だが、その柔らかな肩は小さく震え、長い黒髪の隙間からのぞく瞳は、泣き腫らしたように赤かった。
「大丈夫ですか?体調とか悪かったりします?」
思わずその女性に声をかけると、彼女はぶわっと顔に涙を浮かべた。
「あの……私……仮想現実っていうの……初めてで……なにをすればいいか……わからないんです……」
女性はたどたどしく言葉を紡ぐ。……そうかぁ。今日初めてログインしてびっくりしちゃったのかな?VRって初めてだとちょっと怖いよね。
存在しないはずの知覚を機械によって再現する特異技術、フルダイブ型の『バーチャルリアリティ』。慣れた人にはなんてことのない話だけど、初めてVR世界を訪れる人にとってはとてつもない未知と衝撃を感じさせるはずだ。
なかでもVR世界にダイブするときに生じる、世界が一瞬にして切り替わるかのような錯覚には恐怖を覚える人も少なくないらしい。何度か繰り返せば慣れていくものでもあるのだけど。
ある面ではうちの妹と似通った事情もあり、少し親近感を覚える。まあ妹はそもそもダイブしようとしたことすら一度もないのですけどね?

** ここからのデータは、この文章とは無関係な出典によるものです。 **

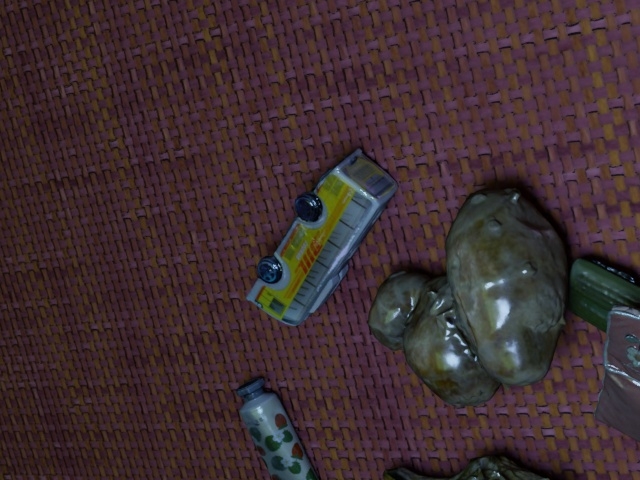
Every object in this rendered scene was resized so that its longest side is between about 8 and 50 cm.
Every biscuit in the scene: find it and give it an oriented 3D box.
[{"bbox_3d":[0.418,0.119,1.642,0.322,0.038,0.099,31,143,26],"label":"biscuit"}]

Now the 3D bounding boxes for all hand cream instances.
[{"bbox_3d":[-0.045,0.331,2.074,0.095,0.059,0.276,-21,98,42],"label":"hand cream"}]

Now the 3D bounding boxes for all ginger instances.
[{"bbox_3d":[0.181,0.088,1.745,0.304,0.155,0.244,-41,63,43],"label":"ginger"}]

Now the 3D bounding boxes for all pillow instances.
[{"bbox_3d":[0.387,0.166,1.655,0.126,0.043,0.232,27,144,27],"label":"pillow"}]

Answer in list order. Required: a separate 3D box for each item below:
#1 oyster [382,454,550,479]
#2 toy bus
[{"bbox_3d":[0.212,0.371,1.846,0.337,0.133,0.197,-7,104,41],"label":"oyster"},{"bbox_3d":[0.000,0.000,1.898,0.106,0.092,0.268,38,125,7],"label":"toy bus"}]

「では、ボクと一緒に遊びませんか?この世界の面白いところ、いっぱい教えますよっ!」
「いいんですか……?」
「はい!卍荒罹崇卍です。よろしくお願いしますね?」
「私は……屠神 明日香です……こちらこそ、よろしくお願いします……っ!」
今日はメインクエストをしようと思っていたのだけど、ちょっと中断。初心者応援ツアーの開幕だ!
「おいおい、調査は後回しにする気か?まあいいけどな」
おっと、アリンドさんの存在を忘れてましたね。まあこのままクエストを進行してもお亡くなりになってしまうだけだし、最期の休暇は必要だよね。